### What is expected
Nothing but the lines from the top of the records through the line with "-3.175, 3.175, -3.175]).pattern_tags.tags" should be returned, exactly, and without pictures.

::: Data records

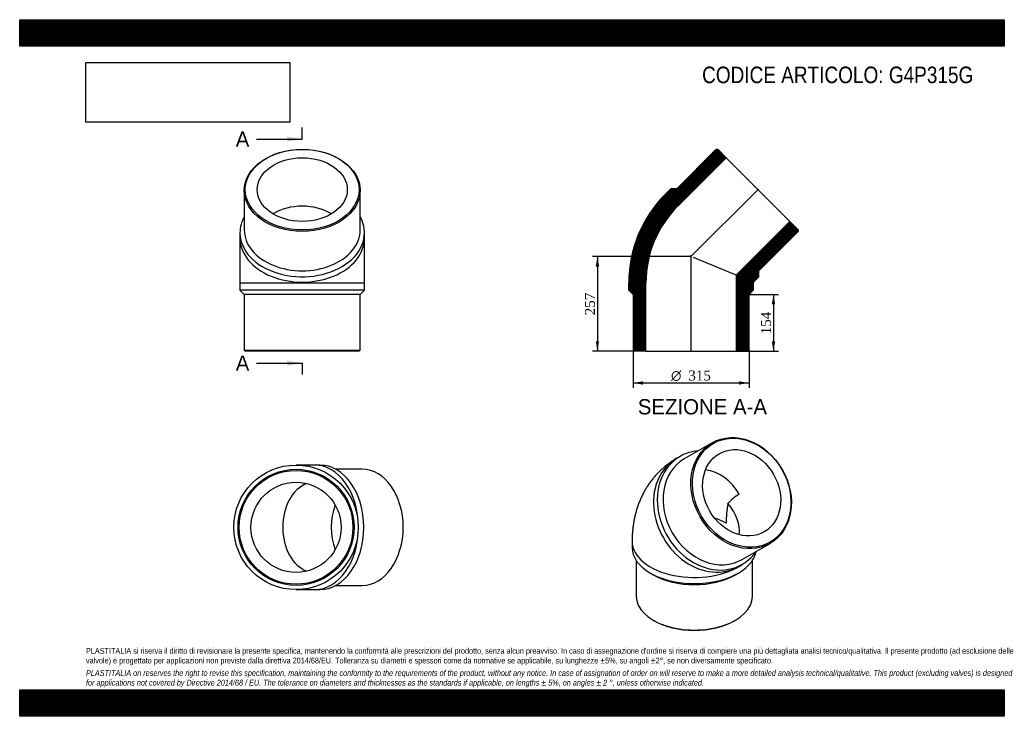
# Model space of a CAD drawing. Header units: millimetres. Extents: x 0 to 2673, y 0 to 1890.
import ezdxf
from ezdxf.enums import TextEntityAlignment as Align
from ezdxf.lldxf.tags import DXFTag

# ---------------------------------------------------------------- set-up
doc = ezdxf.new("R2010")
doc.units = ezdxf.units.MM
doc.header["$LTSCALE"] = 9
for name, color, linetype in [('Default', 7, 'Continuous'), ('DV4_Default', 7, 'Continuous'), ('G4P315G', 7, 'Continuous')]:
    doc.layers.add(name, color=color, linetype=linetype)
doc.styles.add('SEACAD_Solid_Edge_ANSI', font='seans.ttf')
doc.styles.add('SEACAD_Solid_Edge_ANSI1_Symbols', font='semeca1.ttf')
doc.styles.add('SEACAD_Times_New_Roman', font='times.ttf')
tags = doc.linetypes.add('CENTER2', pattern=[28.575, 19.05, -3.175, 3.175, -3.175]).pattern_tags.tags
tags[10:11] = [DXFTag(74, 4), DXFTag(75, 0), DXFTag(340, '0'), DXFTag(46, 0.0), DXFTag(50, 0.0), DXFTag(44, 0.0), DXFTag(45, 0.0)]
tags[8:9] = [DXFTag(74, 4), DXFTag(75, 0), DXFTag(340, '0'), DXFTag(46, 0.0), DXFTag(50, 0.0), DXFTag(44, 0.0), DXFTag(45, 0.0)]
tags[6:7] = [DXFTag(74, 4), DXFTag(75, 0), DXFTag(340, '0'), DXFTag(46, 0.0), DXFTag(50, 0.0), DXFTag(44, 0.0), DXFTag(45, 0.0)]
tags[4:5] = [DXFTag(74, 4), DXFTag(75, 0), DXFTag(340, '0'), DXFTag(46, 0.0), DXFTag(50, 0.0), DXFTag(44, 0.0), DXFTag(45, 0.0)]
doc.dimstyles.new('ANSImm', dxfattribs={"dimtxt": 27, "dimasz": 27, "dimexe": 13.5, "dimexo": 0, "dimgap": 6.75, "dimtad": 1, "dimdsep": 46, "dimtxsty": 'SEACAD_Times_New_Roman', "dimblk1": '_SE_FILLED', "dimblk2": '_SE_FILLED', "dimsah": 1, "dimcen": 13.5, "dimazin": 0, "dimtfac": 0.85, "dimtdec": 3, "dimtofl": 0, "dimtmove": 0, "dimatfit": 3, "dimfxl": 1, "dimarcsym": 0})
picture_1 = doc.add_image_def('image1.jpg', size_in_pixel=(4302, 1260))

# ---------------------------------------------------------------- blocks, each defined once
blk = doc.blocks.new('SE')
at = {"layer": 'G4P315G', "color": 7, "linetype": 'Continuous'}
for p, q in [((1879.7, 742), (1804.2, 698.4)), ((1792.7, 705.1), (1782.5, 699.1)), ((1662.5, 474.3), (1662.5, 457.6)), ((1961.7, 425.6), (2037.2, 469.2)), ((1674, 422.2), (1674, 324.9)), ((1951.5, 406.4), (1961.7, 412.3)), ((1989, 324.9), (1989, 422.2)), ((1712, 388.6), (1720.1, 383.9)), ((1942.9, 383.9), (1951, 388.6)), ((1720.1, 260.6), (1722.2, 259.4)), ((1940.7, 259.4), (1942.9, 260.6))]:
    blk.add_line(p, q, dxfattribs=at)
for centre, radius, start, end in [((2014.9, 497.4), 121.9, 120.272, 139.2016), ((2211.4, 525), 293.4, 169.7711, 180.1422)]:
    blk.add_arc(centre, radius, start, end, dxfattribs=at)
for centre, major_axis in [((1958.5, 605.6), (78.8, -136.4)), ((1960, 606.5), (-77.3, 133.8)), ((1960, 606.5), (61.2, -105.9))]:
    blk.add_ellipse(centre, major_axis=major_axis, ratio=0.816497, dxfattribs=at)
for centre, major_axis, ratio, start_param, end_param in [((1867, 552.8), (-84.5, 146.4), 0.816497, 0, 3.141593), ((1877.2, 558.7), (-84.5, 146.4), 0.816497, 0, 3.512627), ((1883, 562), (78.8, -136.4), 0.816497, 3.141593, 6.283185), ((1877.2, 558.7), (-84.5, 146.4), 0.816497, 5.912151, 6.283185), ((1867, 552.8), (61.2, -105.9), 0.816497, 1.570796, 2.573884), ((1831.5, 532.3), (-113, 65.2), 0.717439, 3.429313, 4.264208), ((1831.5, 474.3), (122.3, 0), 0.57735, 0.785398, 1.102256), ((1831.5, 474.3), (169, 0), 0.57735, 3.141584, 5.60775), ((1831.5, 457.6), (169, 0), 0.57735, 3.141593, 6.179396), ((1831.5, 448.2), (157.5, 0), 0.57735, 3.926991, 5.497787), ((1831.5, 324.9), (-157.5, 0), 0.57735, 0, 3.141593), ((1831.5, 322.4), (-154.5, 0), 0.57735, 0.785398, 2.356195)]:
    blk.add_ellipse(centre, major_axis=major_axis, ratio=ratio, start_param=start_param, end_param=end_param, dxfattribs=at)
blk.add_open_spline([(1782.5, 699.1), (1779, 697.1), (1773.3, 693.6), (1764.2, 687.5), (1755.8, 681.2), (1747.6, 674.5), (1739.8, 667.4), (1732.3, 659.9), (1725.1, 652.2), (1718.3, 644), (1711.9, 635.6), (1705.8, 626.9), (1700.1, 617.8), (1694.7, 608.5), (1689.8, 598.9), (1685.2, 589), (1681.1, 578.8), (1677.3, 568.4), (1673.9, 557.7), (1671, 546.8), (1668.5, 535.7), (1666.4, 524.3), (1664.7, 512.7), (1663.5, 500.8), (1662.7, 489), (1662.5, 479.9), (1662.5, 475.3), (1662.5, 474.3)], degree=3, knots=[0, 0, 0, 0, 0.041315, 0.080737, 0.120116, 0.159479, 0.198854, 0.238268, 0.277752, 0.317335, 0.35705, 0.396928, 0.437005, 0.477316, 0.517897, 0.558785, 0.600019, 0.641633, 0.683663, 0.72614, 0.769089, 0.812528, 0.856465, 0.900896, 0.945804, 0.989893, 1, 1, 1, 1], dxfattribs=at)
blk = doc.blocks.new('SE1')
at = {"layer": 'G4P315G', "color": 7, "linetype": 'Continuous'}
for p, q in [((609.5, 1426.9), (609.5, 1320.1)), ((924.5, 1320.1), (924.5, 1426.9)), ((598, 1312), (598, 1297.5)), ((936, 1297.5), (936, 1312)), ((598, 1297.5), (598, 1176.3)), ((936, 1176.3), (936, 1297.5)), ((598, 1176.3), (936, 1176.3)), ((598, 1176.3), (598, 1155.8)), ((936, 1155.8), (936, 1176.3)), ((936, 1155.8), (598, 1155.8)), ((598, 1155.8), (609.5, 1144.3)), ((924.5, 1144.3), (936, 1155.8)), ((924.5, 1144.3), (609.5, 1144.3)), ((609.5, 1144.3), (609.5, 993.3)), ((924.5, 993.3), (924.5, 1144.3)), ((609.5, 993.3), (924.5, 993.3)), ((609.5, 993.3), (612.5, 990.3)), ((921.5, 990.3), (612.5, 990.3)), ((921.5, 990.3), (924.5, 993.3))]:
    blk.add_line(p, q, dxfattribs=at)
for centre, major_axis in [((767, 1426.9), (-157.5, 0)), ((767, 1429), (154.5, 0)), ((767, 1429), (-122.3, 0))]:
    blk.add_ellipse(centre, major_axis=major_axis, ratio=0.707107, dxfattribs=at)
for centre, major_axis, start_param, end_param in [((767, 1297.5), (122.3, 0), 0.863968, 2.277625), ((767, 1312), (-169, 0), 0, 3.512627), ((767, 1312), (-169, 0), 5.912151, 6.283185), ((767, 1320.1), (-157.5, 0), 0, 3.141593), ((767, 1297.5), (-169, 0), 0, 3.141593)]:
    blk.add_ellipse(centre, major_axis=major_axis, ratio=0.707107, start_param=start_param, end_param=end_param, dxfattribs=at)
blk = doc.blocks.new('SE2')
at = {"layer": 'G4P315G', "color": 7, "linetype": 'Continuous'}
for p, q in [((800.4, 681.7), (750.2, 681.7)), ((814.9, 681.7), (800.4, 681.7)), ((929.8, 670.2), (858.2, 670.2)), ((858.2, 355.2), (929.8, 355.2)), ((750.2, 343.7), (800.4, 343.7)), ((800.4, 343.7), (814.9, 343.7))]:
    blk.add_line(p, q, dxfattribs=at)
for radius in [169, 157.5, 154.5, 122.3]:
    blk.add_circle((750.2, 512.7), radius, dxfattribs=at)
for centre, major_axis, start_param, end_param in [((800.4, 512.7), (0, 169), 3.141593, 6.283185), ((814.9, 512.7), (0, 169), 3.141593, 6.283185), ((929.8, 512.7), (0, 157.5), 3.141593, 6.283185), ((800.4, 512.7), (0, -122.3), 3.38444, 6.040338), ((931.9, 512.7), (0, 122.3), 1.056063, 2.085529)]:
    blk.add_ellipse(centre, major_axis=major_axis, ratio=0.707107, start_param=start_param, end_param=end_param, dxfattribs=at)
blk = doc.blocks.new('SE4')
at = {"color": 7, "linetype": 'Continuous', "style": 'SEACAD_Solid_Edge_ANSI'}
blk.add_text('A', height=41.4, dxfattribs=at).set_placement((586.5, 1586.7), align=Align.TOP_LEFT)
blk = doc.blocks.new('SE5')
at = {"color": 7, "linetype": 'Continuous', "style": 'SEACAD_Solid_Edge_ANSI'}
blk.add_text('A', height=41.4, dxfattribs=at).set_placement((586.5, 978.8), align=Align.TOP_LEFT)
blk = doc.blocks.new('SEANNOT_GROUP')
at = {"linetype": 'Continuous'}
blk.add_hatch(color=7, dxfattribs=at).paths.add_polyline_path([(725.6, 1559.1), (767, 1566), (725.6, 1572.9)])
at = {"color": 7, "linetype": 'Continuous'}
blk.add_lwpolyline([(642.8, 1566), (767, 1566)], dxfattribs=at)
blk = doc.blocks.new('SEANNOT_GROUP1')
at = {"linetype": 'Continuous'}
blk.add_hatch(color=7, dxfattribs=at).paths.add_polyline_path([(725.6, 951.2), (767, 958.1), (725.6, 965)])
at = {"color": 7, "linetype": 'Continuous'}
blk.add_lwpolyline([(642.8, 958.1), (767, 958.1)], dxfattribs=at)
blk = doc.blocks.new('SE3')
at = {"layer": 'Default', "color": 7, "linetype": 'CENTER2'}
for p, q in [((767, 1566), (767, 1597.1)), ((767, 958.1), (767, 927))]:
    blk.add_line(p, q, dxfattribs=at)
at = {"layer": 'Default', "color": 7, "linetype": 'CENTER2', "const_width": 0.0001}
blk.add_lwpolyline([(767, 1566), (767, 958.1)], dxfattribs=at)
at = {"layer": 'Default'}
for name in ['SE4', 'SEANNOT_GROUP', 'SE5', 'SEANNOT_GROUP1']:
    blk.add_blockref(name, (0, 0), dxfattribs=at)
blk = doc.blocks.new('SE6')
at = {"layer": 'G4P315G', "linetype": 'Continuous'}
h = blk.add_hatch(dxfattribs=at)
h.set_pattern_fill('LINE', scale=0.629921, angle=-45, style=0)
edge = h.paths.add_edge_path()
edge.add_line((1784, 1431.5), (1767.7, 1431.5))
edge.add_line((1767.7, 1431.5), (1753.2, 1417))
edge.add_arc((1993.9, 1176.3), 340.4, 135, 180)
edge.add_line((1653.5, 1176.3), (1653.5, 1155.8))
edge.add_line((1653.5, 1155.8), (1665, 1144.3))
edge.add_line((1665, 1144.3), (1665, 993.3))
edge.add_line((1665, 993.3), (1668, 990.3))
edge.add_line((1668, 990.3), (1700.2, 990.3))
edge.add_line((1700.2, 990.3), (1700.2, 1176.3))
edge.add_arc((1993.9, 1176.3), 293.7, 135, 180, ccw=False)
edge.add_line((1786.3, 1384), (1917.8, 1515.5))
edge.add_line((1917.8, 1515.5), (1895, 1538.3))
edge.add_line((1895, 1538.3), (1890.8, 1538.3))
edge.add_line((1890.8, 1538.3), (1784, 1431.5))
h = blk.add_hatch(dxfattribs=at)
h.set_pattern_fill('LINE', scale=0.629921, angle=-45, style=0)
edge = h.paths.add_edge_path()
edge.add_line((2006.7, 1192.5), (2006.7, 1208.8))
edge.add_line((2006.7, 1208.8), (2113.5, 1315.5))
edge.add_line((2113.5, 1315.5), (2113.5, 1319.8))
edge.add_line((2113.5, 1319.8), (2090.7, 1342.5))
edge.add_line((2090.7, 1342.5), (1944.8, 1196.6))
edge.add_line((1944.8, 1196.6), (1944.8, 990.3))
edge.add_line((1944.8, 990.3), (1977, 990.3))
edge.add_line((1977, 990.3), (1980, 993.3))
edge.add_line((1980, 993.3), (1980, 1144.3))
edge.add_line((1980, 1144.3), (1991.5, 1155.8))
edge.add_line((1991.5, 1155.8), (1991.5, 1176.3))
edge.add_arc((1993.9, 1176.3), 2.41, 135, 180, ccw=False)
edge.add_line((1992.2, 1178), (2006.7, 1192.5))
at = {"layer": 'DV4_Default', "color": 7, "linetype": 'CENTER2'}
for p, q in [((2005.5, 1430.3), (1820.5, 1245.3)), ((1822.5, 988.6), (1822.5, 1251.3))]:
    blk.add_line(p, q, dxfattribs=at)
at = {"layer": 'G4P315G', "color": 7, "linetype": 'Continuous'}
for p, q in [((1890.8, 1538.3), (1784, 1431.5)), ((1890.8, 1538.3), (1895, 1538.3)), ((1917.8, 1515.5), (1895, 1538.3)), ((1786.3, 1384), (1917.8, 1515.5)), ((1917.8, 1515.5), (2090.7, 1342.5)), ((1753.2, 1417), (1767.7, 1431.5)), ((1784, 1431.5), (1767.7, 1431.5)), ((2090.7, 1342.5), (1944.8, 1196.6)), ((2113.5, 1319.8), (2090.7, 1342.5)), ((2006.7, 1208.8), (2113.5, 1315.5)), ((2113.5, 1319.8), (2113.5, 1315.5)), ((1944.8, 1196.6), (1829.3, 1244.5)), ((2006.7, 1192.5), (2006.7, 1208.8)), ((1653.5, 1155.8), (1653.5, 1176.3)), ((1700.2, 990.3), (1700.2, 1176.3)), ((1944.8, 1196.6), (1944.8, 990.3)), ((1991.5, 1176.3), (1991.5, 1155.8)), ((2006.7, 1192.5), (1992.2, 1178)), ((1653.5, 1155.8), (1665, 1144.3)), ((1980, 1144.3), (1991.5, 1155.8)), ((1665, 1144.3), (1665, 993.3)), ((1980, 993.3), (1980, 1144.3)), ((1668, 990.3), (1665, 993.3)), ((1700.2, 990.3), (1668, 990.3)), ((1700.2, 990.3), (1944.8, 990.3)), ((1977, 990.3), (1944.8, 990.3)), ((1980, 993.3), (1977, 990.3))]:
    blk.add_line(p, q, dxfattribs=at)
for radius in [340.4, 293.7, 2.41]:
    blk.add_arc((1993.9, 1176.3), radius, 135, 180, dxfattribs=at)
blk = doc.blocks.new('DMBLK59')
at = {"layer": 'Default', "linetype": 'Continuous'}
for points in [[(2050.8, 1117.3), (2046.3, 1144.3), (2041.8, 1117.3)], [(2050.8, 1017.3), (2041.8, 1017.3), (2046.3, 990.3)]]:
    blk.add_hatch(color=7, dxfattribs=at).paths.add_polyline_path(points)
at = {"layer": 'Default', "color": 7, "linetype": 'Continuous'}
for p, q in [((1980, 1144.3), (2059.8, 1144.3)), ((2046.3, 1144.3), (2046.3, 990.3)), ((1944.8, 990.3), (2059.8, 990.3))]:
    blk.add_line(p, q, dxfattribs=at)
at = {"layer": 'Default', "color": 7, "linetype": 'Continuous', "style": 'SEACAD_Times_New_Roman'}
blk.add_text('154', height=27, rotation=90, dxfattribs=at).set_placement((2012.5, 1036.6), align=Align.TOP_LEFT)
blk = doc.blocks.new('_SE_FILLED')
at = {"color": 0}
blk.add_line((0, 0), (-1, 0), dxfattribs=at)
blk.add_solid([(0, 0), (-1, -0.1665), (-1, 0.1665), (0, 0)], dxfattribs=at)
blk = doc.blocks.new('DMBLK60')
at = {"layer": 'Default', "linetype": 'Continuous'}
for points in [[(1563.9, 1220.3), (1572.9, 1220.3), (1568.4, 1247.3)], [(1563.9, 1017.3), (1568.4, 990.3), (1572.9, 1017.3)]]:
    blk.add_hatch(color=7, dxfattribs=at).paths.add_polyline_path(points)
at = {"layer": 'Default', "color": 7, "linetype": 'Continuous'}
for p, q in [((1822.5, 1247.3), (1554.9, 1247.3)), ((1568.4, 1247.3), (1568.4, 990.3)), ((1700.2, 990.3), (1554.9, 990.3))]:
    blk.add_line(p, q, dxfattribs=at)
at = {"layer": 'Default', "color": 7, "linetype": 'Continuous', "style": 'SEACAD_Times_New_Roman'}
blk.add_text('257', height=27, rotation=90, dxfattribs=at).set_placement((1534.6, 1088.1), align=Align.TOP_LEFT)
blk = doc.blocks.new('GDimGGroup')
at = {"layer": 'Default', "linetype": 'Continuous'}
for points in [[(1692, 900), (1692, 909), (1665, 904.5)], [(1953, 900), (1980, 904.5), (1953, 909)]]:
    blk.add_hatch(color=7, dxfattribs=at).paths.add_polyline_path(points)
at = {"layer": 'Default', "color": 7, "linetype": 'Continuous'}
for p, q in [((1665, 993.3), (1665, 891)), ((1980, 993.3), (1980, 891)), ((1665, 904.5), (1980, 904.5))]:
    blk.add_line(p, q, dxfattribs=at)
for s, style, p in [('O', 'SEACAD_Solid_Edge_ANSI1_Symbols', (1768.3, 938.2)), ('315', 'SEACAD_Times_New_Roman', (1815.3, 938.2))]:
    blk.add_text(s, height=27, dxfattribs=dict(at, style=style)).set_placement(p, align=Align.TOP_LEFT)

msp = doc.modelspace()

# ---------------------------------------------------------------- hatches: boundary and pattern name
at = {"layer": 'Default', "linetype": 'Continuous'}
h = msp.add_hatch(dxfattribs=at)
h.set_pattern_fill('LINE', scale=0.629921, angle=45, style=0)
h.paths.add_polyline_path([(2673, 1818), (2673, 1890), (0, 1890), (0, 1818)])
for points in [[(2673, 1818), (2673, 1890), (0, 1890), (0, 1818)], [(2673, 0), (2673, 72), (0, 72), (0, 0)]]:
    msp.add_hatch(color=7, dxfattribs=at).paths.add_polyline_path(points)
h = msp.add_hatch(dxfattribs=at)
h.set_pattern_fill('LINE', scale=0.629921, angle=45, style=0)
h.paths.add_polyline_path([(2673, 0), (2673, 72), (0, 72), (0, 0)])

# ---------------------------------------------------------------- linework, layer by layer
at = {"layer": 'Default', "color": 7, "linetype": 'Continuous'}
for p, q in [((0, 1890), (2673, 1890)), ((0, 1818), (0, 1890)), ((2673, 1890), (2673, 1818)), ((2673, 1818), (0, 1818)), ((0, 72), (2673, 72)), ((0, 0), (0, 72)), ((2673, 72), (2673, 0)), ((2673, 0), (0, 0))]:
    msp.add_line(p, q, dxfattribs=at)

# ---------------------------------------------------------------- block references
at = {"layer": 'Default'}
for name in ['SE3', 'SE1', 'SE6', 'GDimGGroup', 'SE', 'SE2']:
    msp.add_blockref(name, (0, 0), dxfattribs=at)

# ---------------------------------------------------------------- texts
at = {"layer": 'Default', "color": 7, "linetype": 'Continuous', "style": 'SEACAD_Solid_Edge_ANSI'}
msp.add_text('SEZIONE A-A', height=41.4, dxfattribs=at).set_placement((1678.089, 860.542), align=Align.TOP_LEFT)
at = {"layer": 'Default', "attachment_point": 1}
for s, insert, char_height, width in [('{\\fArial Narrow|b0||i0||c0|p34;\\C7;\\H45.;\\W1.;CODICE ARTICOLO: G4P315G}', (1852.61, 1762.812), 45, 774.00335), ("{\\fArial Narrow|b0||i0||c0|p34;\\C7;\\H15.75;\\W1.;PLASTITALIA si riserva il diritto di revisionare la presente specifica, mantenendo la conformità alle prescrizioni del prodotto, senza alcun preavviso. In caso di assegnazione d'ordine si riserva di compiere una più dettagliata analisi tecnico/qualitativa. Il presente prodotto (ad esclusione delle \\P}{\\fArial Narrow|b0||i0||c0|p34;\\C7;\\H15.75;\\W1.;valvole) è progettato per applicazioni non previste dalla direttiva 2014/68/EU. Tolleranza su diametri e spessori come da normative se applicabile, su lunghezze ±5%, su angoli ±2°, se non diversamente specificato.\\P}{\\fArial Narrow|b0||i0||c0|p34;\\C7;\\H4.5;\\W1.;   \\P}{\\fArial Narrow|b0||i1||c0|p34;\\C7;\\H15.75;\\W1.;PLASTITALIA on reserves the right to revise this specification, maintaining the conformity to the requirements of the product, without any notice. In case of assignation of order on will reserve to make a more detailed analysis technical/qualitative. This product (excluding valves) is designed \\P}{\\fArial Narrow|b0||i1||c0|p34;\\C7;\\H15.75;\\W1.;for applications not covered by Directive 2014/68 / EU. The tolerance on diameters and thicknesses as the standards if applicable, on lengths ± 5%, on angles ± 2 °, unless otherwise indicated.\\P}", (180, 185.421), 15.75, 2313)]:
    msp.add_mtext(s, dxfattribs=dict(at, insert=insert, char_height=char_height, width=width))

# ---------------------------------------------------------------- dimensions: what is measured, and where the dimension line sits
at = {"layer": 'Default', "color": 7, "linetype": 'Continuous'}
for base, p1, p2, picture, middle in [((1568.382, 990.301), (1822.53, 1247.301), (1700.23, 990.301), 'DMBLK60', (1568.382, 1118.801)), ((2046.255, 990.301), (1980.03, 1144.301), (1944.83, 990.301), 'DMBLK59', (2046.255, 1067.301))]:
    dim = msp.add_linear_dim(base=base, p1=p1, p2=p2, angle=90, text='\\A1;<>', dimstyle='ANSImm', dxfattribs=at)
    dim.commit()
    dim.dimension.update_dxf_attribs({"geometry": picture, "text_midpoint": middle, "dimtype": 160})

# ---------------------------------------------------------------- pictures from other files: only their frames are drawn
image = msp.add_image(picture_1, insert=(180, 1611.929), size_in_units=(553.114, 162))
image.dxf.flags = 7

doc.saveas('drawing.dxf')

::::::

### Answer to the exercise
# Model space of a CAD drawing. Header units: millimetres. Extents: x 0 to 2673, y 0 to 1890.
import ezdxf
from ezdxf.enums import TextEntityAlignment as Align
from ezdxf.lldxf.tags import DXFTag

# ---------------------------------------------------------------- set-up
doc = ezdxf.new("R2010")
doc.units = ezdxf.units.MM
doc.header["$LTSCALE"] = 9
for name, color, linetype in [('Default', 7, 'Continuous'), ('DV4_Default', 7, 'Continuous'), ('G4P315G', 7, 'Continuous')]:
    doc.layers.add(name, color=color, linetype=linetype)
doc.styles.add('SEACAD_Solid_Edge_ANSI', font='seans.ttf')
doc.styles.add('SEACAD_Solid_Edge_ANSI1_Symbols', font='semeca1.ttf')
doc.styles.add('SEACAD_Times_New_Roman', font='times.ttf')
tags = doc.linetypes.add('CENTER2', pattern=[28.575, 19.05, -3.175, 3.175, -3.175]).pattern_tags.tags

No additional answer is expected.